U is a matrix whose columns are the left singular vectors of A.
Σ is a diagonal matrix containing the singular values of A. These values are always non-negative and usually ordered from largest to smallest.
V_t is the transpose of V, where the columns of V are the right singular vectors of A.

In simpler terms, SVD breaks down the complex transformation of a matrix into simpler, understandable steps involving rotations and scaling. The singular values in Σ tell us the scaling factors and the singular vectors in U and V_t tell us the directions of these scalings before and after applying the matrix.

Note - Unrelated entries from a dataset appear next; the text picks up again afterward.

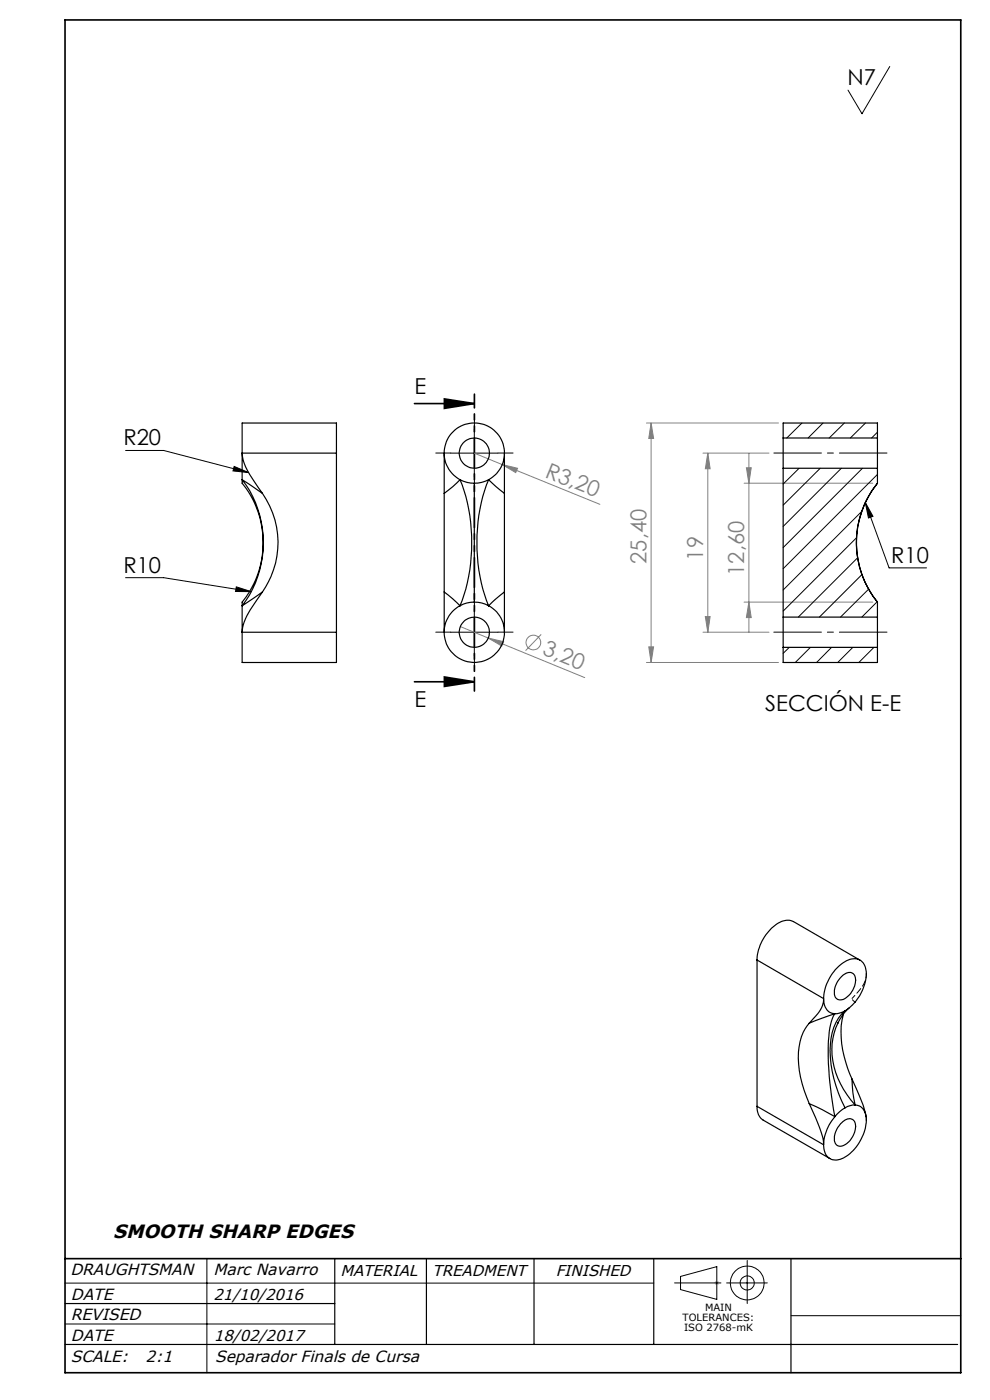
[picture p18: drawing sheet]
<svg xmlns="http://www.w3.org/2000/svg" width="210mm" height="297mm" viewBox="0 0 210 297" stroke-linecap="round" stroke-linejoin="round" font-family="sans-serif">
<defs><g id="words">
<g font-size="4.7">
<text x="179.8" y="18.1">N7</text>
<text x="87.9" y="83.5">E</text>
<text x="26.2" y="94.5">R20</text>
<text x="189.1" y="119.4">R10</text>
<text x="26.2" y="121.5">R10</text>
<text x="87.9" y="150">E</text>
<text x="162.3" y="150.9">SECCIÓN E-E</text>
</g>
<g font-size="4.7" fill="#808080">
<text x="115.4" y="101.1" transform="rotate(22 115.4 101.1)">R3,20</text>
<text x="137.1" y="119.6" transform="rotate(-90 137.1 119.6)">25,40</text>
<text x="149.1" y="118.9" transform="rotate(-90 149.1 118.9)">19</text>
<text x="157.9" y="122.1" transform="rotate(-90 157.9 122.1)">12,60</text>
<text x="114.9" y="138.8" transform="rotate(22 114.9 138.8)">3,20</text>
</g>
<text font-size="4" x="24" y="262.6">SMOOTH SHARP EDGES</text>
<g font-size="3.4">
<text x="14.9" y="270.6">DRAUGHTSMAN</text>
<text x="15" y="275.7">DATE</text>
<text x="45.3" y="270.6">Marc Navarro</text>
<text x="15" y="280">REVISED</text>
<text x="15" y="284.4">DATE</text>
<text x="15" y="289">SCALE:</text>
<text x="30.9" y="289">2:1</text>
<text x="45.6" y="289">Separador Finals de Cursa</text>
</g>
<g font-size="3.3">
<text x="45.3" y="275.7">21/10/2016</text>
<text x="72.2" y="270.7">MATERIAL</text>
<text x="91.7" y="270.6">TREADMENT</text>
<text x="117.9" y="270.6">FINISHED</text>
<text x="45.4" y="284.4">18/02/2017</text>
</g>
<g font-size="2.1">
<text x="144.8" y="280.2">TOLERANCES:</text>
<text x="149.6" y="278.1">MAIN</text>
<text x="145.1" y="282.3">ISO 2768-mK</text>
</g>
</g></defs>
<g fill="none" stroke="#808080" stroke-width=".21">
<path d="M100.6 96.1l26.6 10.9M106.5 98.6l3.3 .7-.4 1zM137.1 89.7h28M138.1 89.7v50.8M138.1 89.7l.5 3.3h-1zM149.1 96.1h14M150.1 96.1l.5 3.3h-1zM150.1 96.1v38M158.3 99.2h1l-.4 3.3zM158.9 96.2v37.9M157.8 102.5h27.3M97.6 132.9l26.4 10.9"/>
<path d="M103.6 135.4l3.2 .7-.4 1zM114.8 134.6l-3.3 3.4M137.6 137.2h1l-.5 3.3zM149.1 134.1h14M149.6 130.8h1l-.5 3.3zM157.8 127.7h27.3M158.9 127.7l.4 3.3h-1zM137.1 140.5h28"/>
<circle cx="113.1" cy="136.3" r="1.56"/>
</g>
<g fill="none" stroke="#000" stroke-width=".21">
<path d="M188.7 14.1l-5.9 10-2.9-5M26.6 95.6h8.1l18 4.7M49.7 99l3 1.3-3.3-.4zM95.6 96.1h10M100.6 91.1v10M183.6 106.6l1.6 2.9-1 .4zM183.6 106.6l5 13.9h7.9M26.6 122.6h8.1l18.6 2.9M50.1 124.5l3.2 1h-3.3zM95.6 134.1h10M100.6 129.1v10M13.8 272.2h124.9"/>
<path d="M43.9 267v24.2M143.1 272.2h9.8M144.4 270.8l7.6-2.1v7l-7.6-2.1zM154.1 272.2h8.7M158.5 267.4v9.1M167.8 279.1h36M13.8 280.9h57.2"/>
<circle cx="158.5" cy="272.2" r="1.5"/>
<circle cx="158.5" cy="272.2" r="3.6"/>
</g>
<path d="M13.8 4.2h190v287h-190zM87.9 85.6h12.7M94.3 84.6l6.3 1-6.3 1zM87.9 144.6h12.7M94.3 143.6l6.3 1-6.3 1zM13.8 267h190" fill="none" stroke="#000" stroke-width=".35"/>
<path d="M151.5 272.2h1M151.7 271.8l.7 .7M152 271.7v1M152.4 271.8l-.7 .7" fill="none" stroke="#c0c0c0" stroke-width=".21"/>
<path d="M95.6 96.1h-3.2M100.6 91.1v-3.2M105.6 96.1h3.2M100.6 101.1v3.2M95.6 134.1h-3.2M100.6 129.1v-3.2M100.6 139.1v3.2M105.6 134.1h3.2" fill="none" stroke="#000" stroke-width=".21" stroke-dasharray="15.2 1.3 1.3 1.3"/>
<path d="M188.1 96.1h-24M188.1 134.1h-24" fill="none" stroke="#000" stroke-width=".21" stroke-dasharray="15.2 1.3 1.3 1.3" stroke-dashoffset="5.1"/>
<path d="M100.6 83.6v63" fill="none" stroke="#000" stroke-width=".35" stroke-dasharray="6.3 1.3 1.3 1.3 1.3 1.3" stroke-dashoffset="3.4"/>
<path d="M13.8 276.5h57.2M71 267v18.2M90.5 267v18.2M113.3 267v18.2M138.7 267v18.2M167.8 267v24.2M13.8 285.2h189.3" fill="none" stroke="#000" stroke-width=".25"/>
<g fill="#000">
<path d="M94.3 84.6l6.3 1-6.3 1zM94.3 143.6l6.3 1-6.3 1z"/>
<path d="M183.6 106.6l1.6 2.9-1 .4zM49.7 99l3 1.3-3.3-.4zM50.1 124.5l3.2 1h-3.3z"/>
</g>
<g fill="#808080">
<path d="M103.6 135.4l3.2 .7-.4 1z"/>
<path d="M106.5 98.6l3.3 .7-.4 1z"/>
<path d="M158.3 99.2h1l-.4 3.3zM158.9 127.7l.4 3.3h-1zM150.1 96.1l.5 3.3h-1zM149.6 130.8h1l-.5 3.3zM138.1 89.7l.5 3.3h-1zM137.6 137.2h1l-.5 3.3z"/>
</g>
<g fill="none" stroke="#000" stroke-width=".25">
<path d="M51.4 96.1a10.4 10.4 0 0 0 2.5 6l1.8 2.6M51.4 96.1v5.7M51.4 96.1v-6.4h20v6.4M51.4 96.1h20M71.4 96.1v38M94.2 96.1a6.5 6.5 0 0 0 3.4 5.7M94.2 96.1v8.6M94.2 96.1a6.4 6.4 0 0 1 6.4-6.4 6.4 6.4 0 0 1 6.4 6.4M107 96.1a6.3 6.3 0 0 1-3.4 5.7M107 96.1v8.6M166.1 92.9v6.4M166.1 99.3h20"/>
<path d="M166.1 92.9v-3.2h20v3.2M166.1 99.3v31.6M166.1 92.9h20M186.1 92.9v6.4M186.1 99.3v3.2M51.4 101.8v.5a23.3 23.3 0 0 1 3.5 6.6 20.1 20.1 0 0 1-3.5 18.9v.7M51.4 101.8a22.2 22.2 0 0 1 0 26.7M51.4 101.8l4.3 2.9M55.7 104.7a18.1 18.1 0 0 1 0 20.9M94.2 104.7v20.9M97.6 101.8l-1.6 1.5-1.8 1.4M97.6 101.8a37.4 37.4 0 0 1 0 26.7"/>
<path d="M97.6 101.8a6.3 6.3 0 0 0 3 .7M100.6 102.5v25.2M103.6 101.8l3.4 2.9M103.6 101.8a37.4 37.4 0 0 0 0 26.7M103.6 101.8a6.3 6.3 0 0 1-3 .7M107 104.7v20.9M186.1 102.5a20.1 20.1 0 0 0 0 25.2M186.1 102.5a20 20 0 0 0 0 25.2M51.4 128.5v5.6M51.4 134.1v6.4h20v-6.4M51.4 134.1h20M55.7 125.6l-4.3 2.9"/>
<path d="M55.7 125.6a22.8 22.8 0 0 0-4.1 7l-.2 1.5M94.2 125.6v8.5M94.2 125.6l3.4 2.9M94.2 134.1a6.4 6.4 0 0 0 6.4 6.4 6.4 6.4 0 0 0 6.4-6.4M97.6 128.5a6.3 6.3 0 0 0-3.4 5.6M100.6 127.7a5.8 5.8 0 0 0-3 .8M100.6 127.7a5.8 5.8 0 0 1 3 .8M103.6 128.5a6.3 6.3 0 0 1 3.4 5.6M107 125.6l-3.4 2.9M107 125.6v8.5M166.1 130.9v6.4M166.1 137.3v3.2h20v-3.2"/>
<path d="M166.1 130.9h20M166.1 137.3h20M186.1 130.9v6.4M186.1 127.7v3.2M160.6 203.7a9.4 9.4 0 0 1 5.6-8.3l1.3-.2 .8 .3 14.1 8.2M160.6 203.7l14.1 8.1M160.6 203.7v31M171.7 217.1a12.2 12.2 0 0 0-2.2 10 28.5 28.5 0 0 0 2.2 7M174.7 211.8a9.3 9.3 0 0 1 5.9-8.4 2.57 2.57 0 0 1 3.2 2.8 10 10 0 0 1-4.6 8.3M174.7 211.8a2.82 2.82 0 0 0 2.4 3.2M174.7 211.8a5.7 5.7 0 0 1-2.1 4.2l-.9 1.1M177.1 215l-5.4 2.1"/>
<path d="M177.1 215a12.2 12.2 0 0 0-1.4 5.9 69.9 69.9 0 0 0 1.4 16M177.8 217a14.5 14.5 0 0 0 1.1 14.1l2.5 3.3M177.8 216.9v.1M178.3 207.4a2.01 2.01 0 0 1 2.7-.8 3.4 3.4 0 0 1-.5 4.1 2.85 2.85 0 0 1-2.6 1.4 1.62 1.62 0 0 1-.9-2 5.4 5.4 0 0 1 1.3-2.7zM178.9 215.1a20.6 20.6 0 0 0 1.8 13.8M179.2 214.5l-1.1 .4-1 .1M179.2 214.5a10.6 10.6 0 0 0-3.1 8.4 27.5 27.5 0 0 0 3.1 12.1M180.1 213.8a9 9 0 0 0-2.3 3.2M160.6 234.7a3.1 3.1 0 0 0 1.3 2.9l14.1 8.2M160.6 234.7l14.1 8.1M171.7 234.1a29.3 29.3 0 0 1 3 8.4v.3M171.7 234.1l2.7 1.3 2.7 1.5"/>
<path d="M177.1 236.9a9.9 9.9 0 0 0-2.4 5.9M178.3 238.4a2.27 2.27 0 0 1 2.6-.9 2.66 2.66 0 0 1 .1 3.3 3.3 3.3 0 0 1-3.1 2.3 1.95 1.95 0 0 1-.8-2.6l.6-1.3zM179.2 235l-1.1 .8-1 1.1M180.7 228.9l.2 2.8 .5 2.7M180.7 228.9a34.1 34.1 0 0 1 3 7.9v.1M181.4 234.4l-1.1 .2-1.1 .4M181.4 234.4a2.7 2.7 0 0 1 2.4 3.2 9.6 9.6 0 0 1-5.6 8.4 2.57 2.57 0 0 1-3.5-2.7v-.5"/>
<circle cx="100.6" cy="96.1" r="3.2"/>
<circle cx="100.6" cy="134.1" r="3.2"/>
</g>
<path d="M183.8 206.6a5.2 5.2 0 0 1-1.8 3.8l-1.3 1.4M183.7 236.8l.1 .8" fill="none" stroke="#000" stroke-width=".21" stroke-dasharray="1.3 .6" stroke-dashoffset=".4"/>
<path d="M181.4 212.6l-.5-.4-.2-.4" fill="none" stroke="#000" stroke-width=".21" stroke-dasharray="1.3 .6" stroke-dashoffset=".5"/>
<path d="M183.7 236.9h.1" fill="none" stroke="#000" stroke-width=".21" stroke-dasharray="1.3 .6"/>
<g fill="none" stroke="#000" stroke-width=".21">
<path d="M169.5 99.3l-3.4 3.4M170.1 89.7l-3.2 3.2M174 99.3l-7.9 7.9M174.6 89.7l-3.2 3.2M178.5 99.3l-12.4 12.4M179.1 89.7l-3.2 3.2M183 99.3l-16.9 16.9M183.6 89.7l-3.2 3.2M186.1 91.7l-1.2 1.2M181.7 114l-15.6 15.6M181.9 118.3l-12.6 12.6M182.8 108.5l-16.7 16.7"/>
<path d="M186.1 100.6l-20 20M167.4 137.3l-1.3 1.3M171.9 137.3l-3.2 3.2M176.4 137.3l-3.2 3.2M180.9 137.3l-3.2 3.2M182.8 121.9l-9 9M184.3 125l-6 5.9M185.4 137.3l-3.2 3.2M186.1 127.7l-3.3 3.2"/>
</g>
<use href="#words"/>
</svg>

We can think of the singular values as a way to measure how much a matrix stretches or shrinks in different directions in space. Each singular value corresponds to a pair of singular vectors: one right singular vector (direction in the input space) and one left singular vector (direction in the output space).

So, singular values are the scaling factor that represents the “magnitude”, while the U and V_t matrices represent the “directions” in the transformed space and original space, respectively.

If singular values of matrices exhibit a rapid decay (the largest singular values are significantly larger than the smaller ones), then it means the effective rank of the matrix (the number of significant singular values) is much smaller than the actual dimension of the matrix. This implies that the matrix can be approximated well by a lower-rank matrix.

The large singular values capture most of the important information and variability in the data, while the smaller singular values contribute less.

In the context of LLMs, the weight matrices (e.g., those in the attention mechanism or feedforward layers) transform input data (such as word embeddings) into output representations. The dominant singular values correspond to the directions in the input space that are most amplified by the transformation, indicating the directions along which the model is most sensitive or expressive. The smaller singular values correspond to directions that are less important or less influential in the transformation.

The distribution of singular values can impact the model’s ability to generalize and its robustness. A slow decay (many large singular values) can lead to overfitting, while a fast decay (few large singular values) can indicate underfitting or loss of information.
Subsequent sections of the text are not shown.